SUPPLIED RECORDS START

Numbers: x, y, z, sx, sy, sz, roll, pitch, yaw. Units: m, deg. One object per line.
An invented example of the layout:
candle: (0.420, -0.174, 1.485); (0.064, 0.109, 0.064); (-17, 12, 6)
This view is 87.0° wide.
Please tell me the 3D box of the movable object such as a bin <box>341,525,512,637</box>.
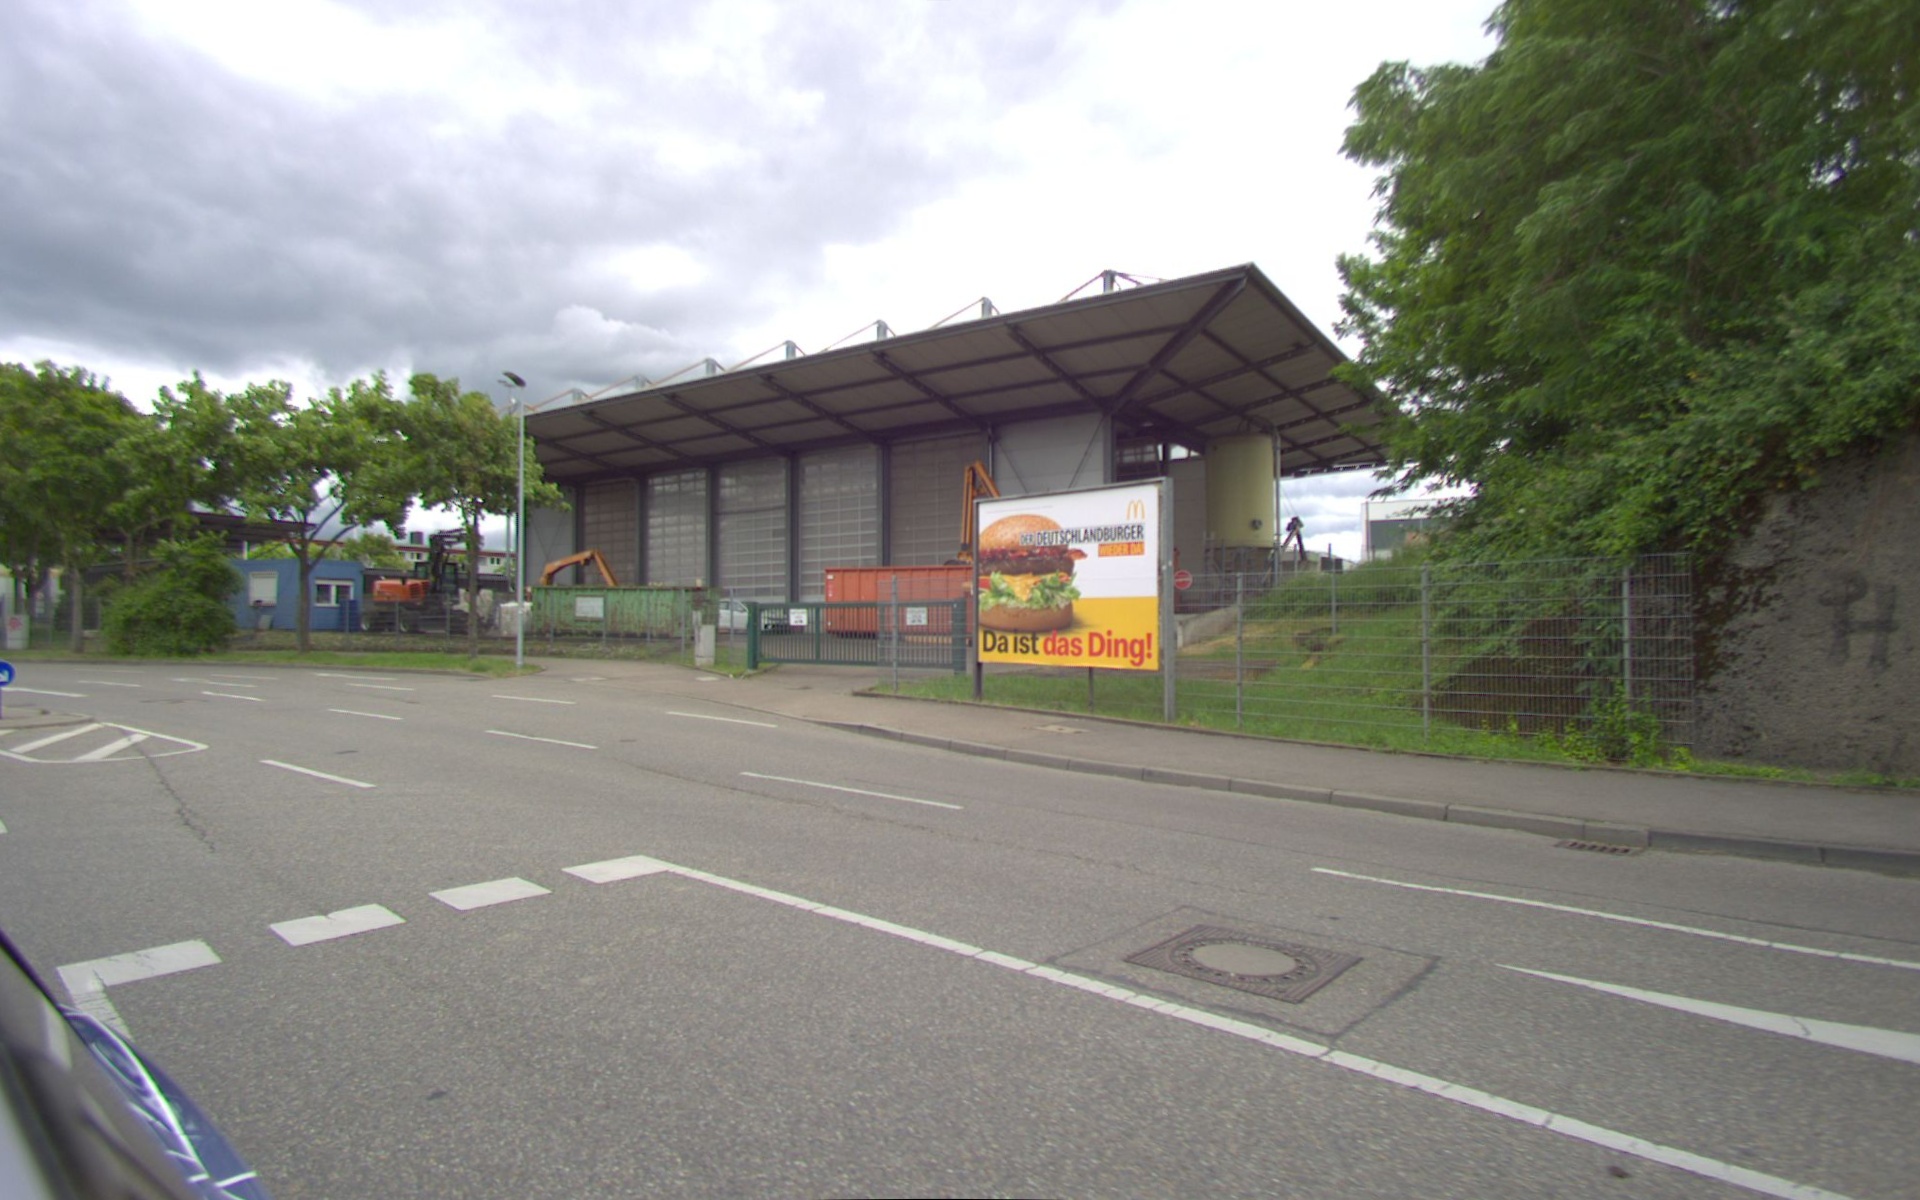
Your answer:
movable object such as a bin: (-21.216, -0.625, 40.237); (6.518, 4.122, 2.709); (-1, -3, 26)

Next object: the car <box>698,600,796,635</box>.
car: (-8.878, 0.720, 42.106); (3.989, 1.384, 1.718); (-1, -2, 34)

SUPPLIED RECORDS END

**BRIEF:** Transcribe exactly, and only, the lines from the line with "candle: (0.420, -0.174, 1.485);" through the last line of the records, inclusive; the pictures do not belong in the copy.

**ANSWER TO THIS EXERCISE:**
candle: (0.420, -0.174, 1.485); (0.064, 0.109, 0.064); (-17, 12, 6)
This view is 87.0° wide.
Please tell me the 3D box of the movable object such as a bin <box>341,525,512,637</box>.
Your answer:
movable object such as a bin: (-21.216, -0.625, 40.237); (6.518, 4.122, 2.709); (-1, -3, 26)

Next object: the car <box>698,600,796,635</box>.
car: (-8.878, 0.720, 42.106); (3.989, 1.384, 1.718); (-1, -2, 34)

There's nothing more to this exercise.